(Supplied material)

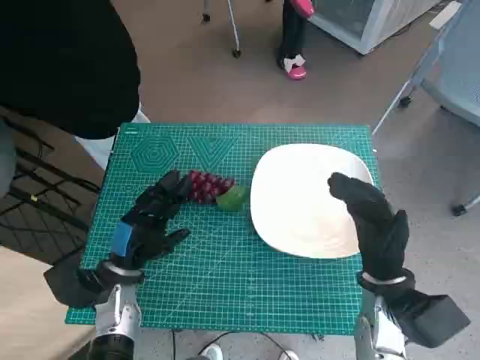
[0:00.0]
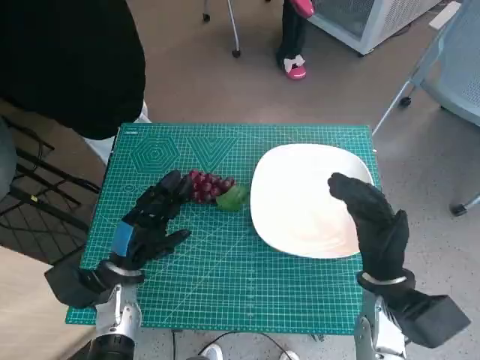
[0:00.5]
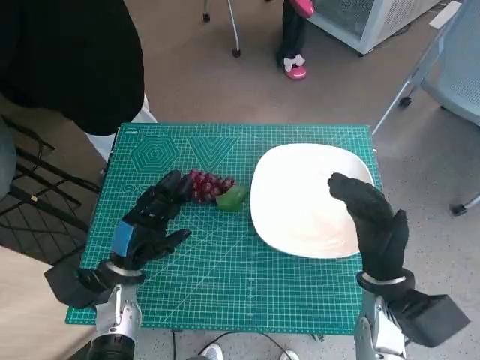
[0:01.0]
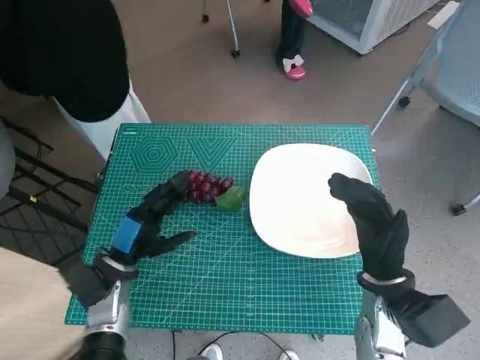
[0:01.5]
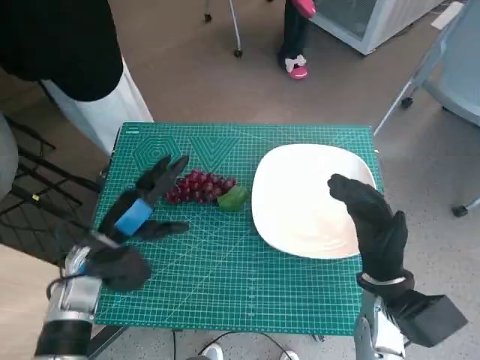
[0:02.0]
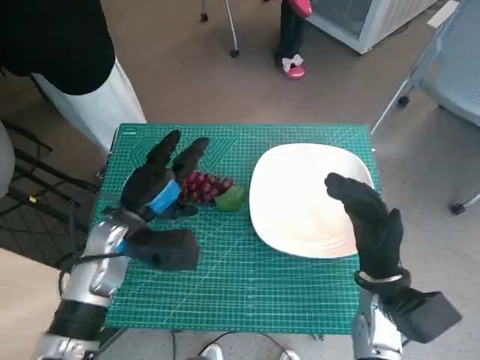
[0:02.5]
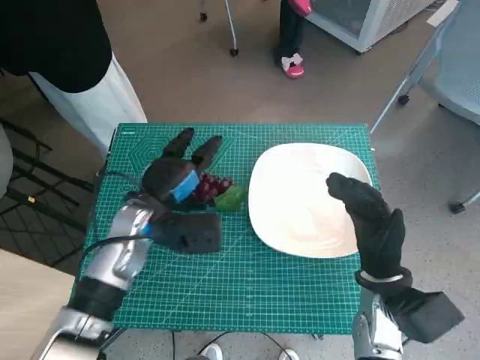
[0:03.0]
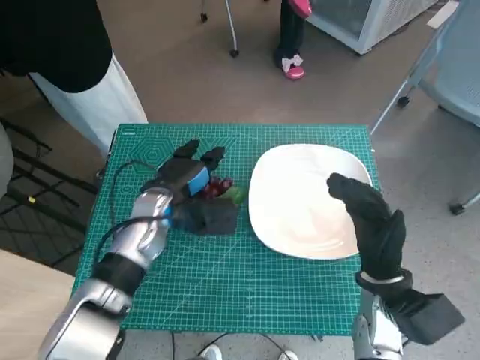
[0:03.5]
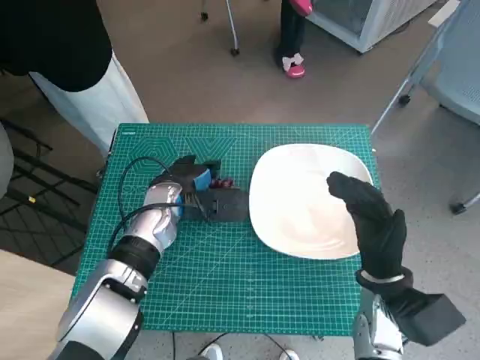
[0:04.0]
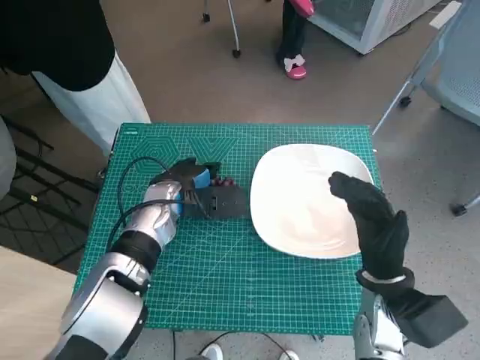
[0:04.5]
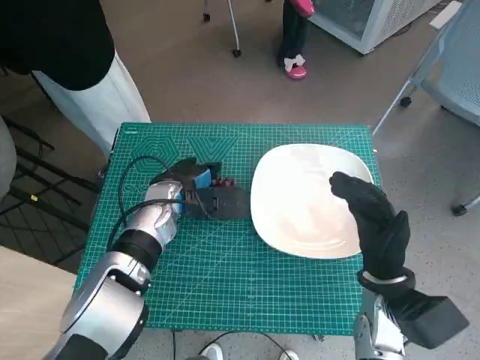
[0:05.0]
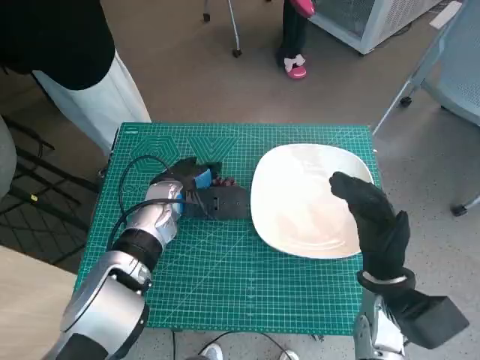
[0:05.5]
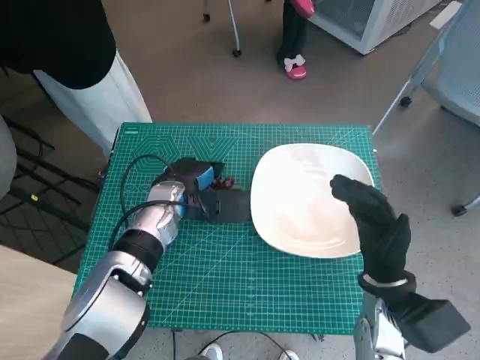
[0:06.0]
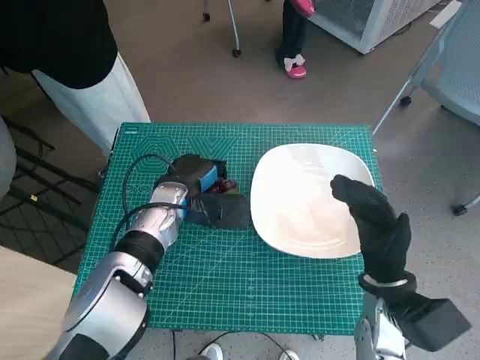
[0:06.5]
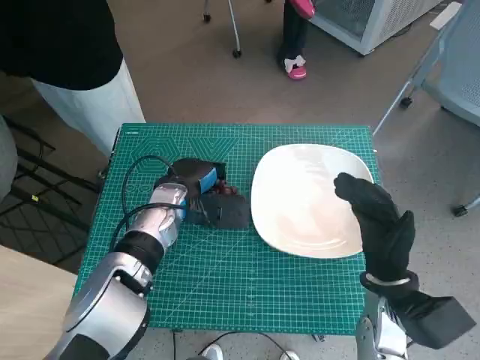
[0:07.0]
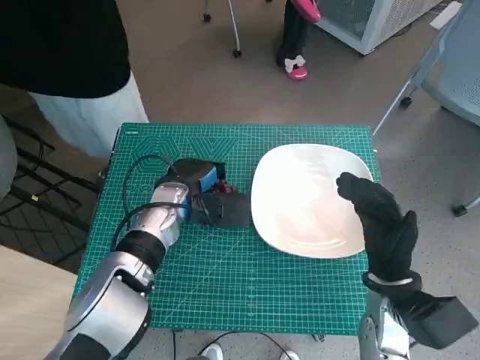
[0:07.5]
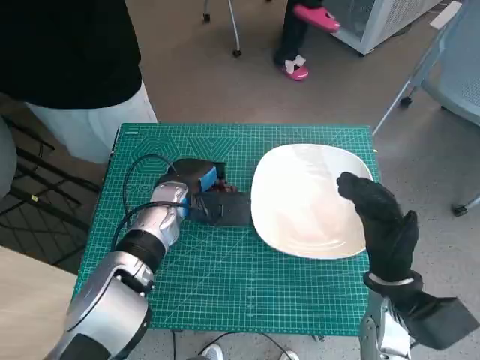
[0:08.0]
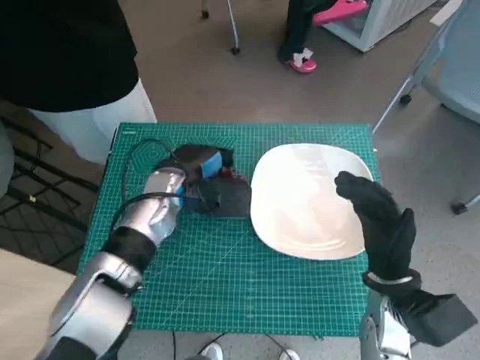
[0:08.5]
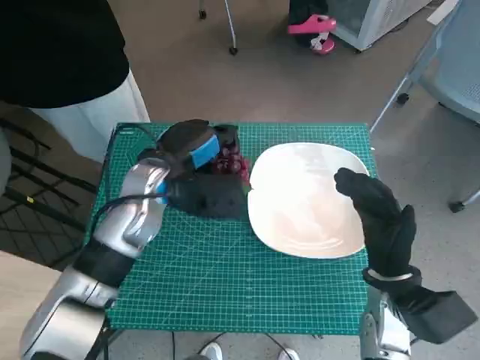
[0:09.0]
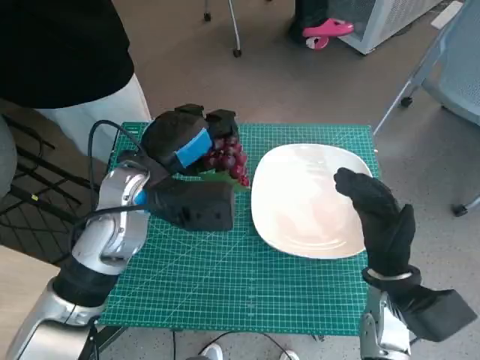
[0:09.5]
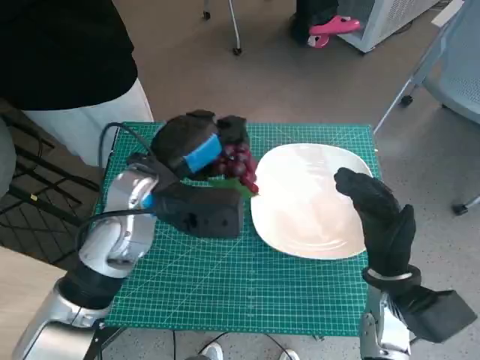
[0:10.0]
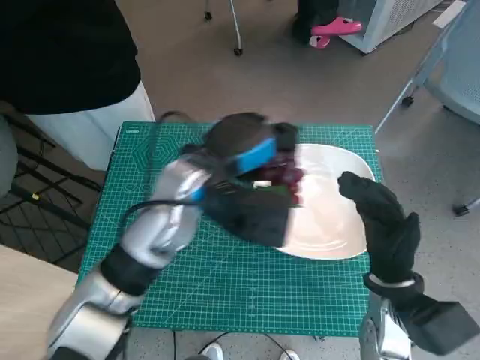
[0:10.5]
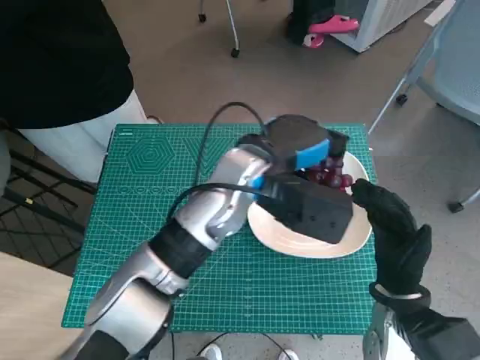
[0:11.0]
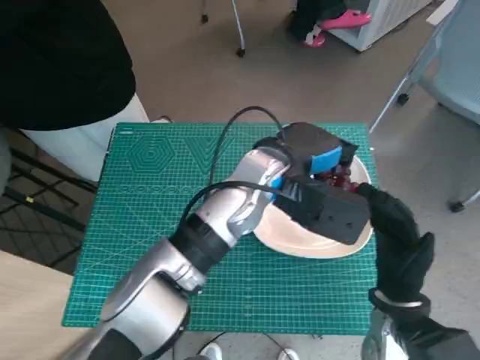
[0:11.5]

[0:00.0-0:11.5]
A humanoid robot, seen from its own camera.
Task of the whole recording: Pick up the grapes and put them on the plate.
Step, 0:00.0 to 0:06.5: Grasp the grapes with left hand.
0:02.0 to 0:04.0: The left hand moves to the right and forward, about 15 cm.
0:04.0 to 0:06.0: Both hands stay put.
0:06.0 to 0:07.5: The hands make only small movements.
0:07.5 to 0:09.5: The left hand goes approximately 10 cm upward.
0:09.5 to 0:11.5: The left hand goes some 15 cm to the right.

(End Supplied material)

* _What the task asks_
Give every entry again word for word; no images belong in the copy.

* _Answer section_
[0:00.0]
[0:00.5]
[0:01.0]
[0:01.5]
[0:02.0]
[0:02.5]
[0:03.0]
[0:03.5]
[0:04.0]
[0:04.5]
[0:05.0]
[0:05.5]
[0:06.0]
[0:06.5]
[0:07.0]
[0:07.5]
[0:08.0]
[0:08.5]
[0:09.0]
[0:09.5]
[0:10.0]
[0:10.5]
[0:11.0]
[0:11.5]

[0:00.0-0:11.5]
A humanoid robot, seen from its own camera.
Task of the whole recording: Pick up the grapes and put them on the plate.
Step, 0:00.0 to 0:06.5: Grasp the grapes with left hand.
0:02.0 to 0:04.0: The left hand moves to the right and forward, about 15 cm.
0:04.0 to 0:06.0: Both hands stay put.
0:06.0 to 0:07.5: The hands make only small movements.
0:07.5 to 0:09.5: The left hand goes approximately 10 cm upward.
0:09.5 to 0:11.5: The left hand goes some 15 cm to the right.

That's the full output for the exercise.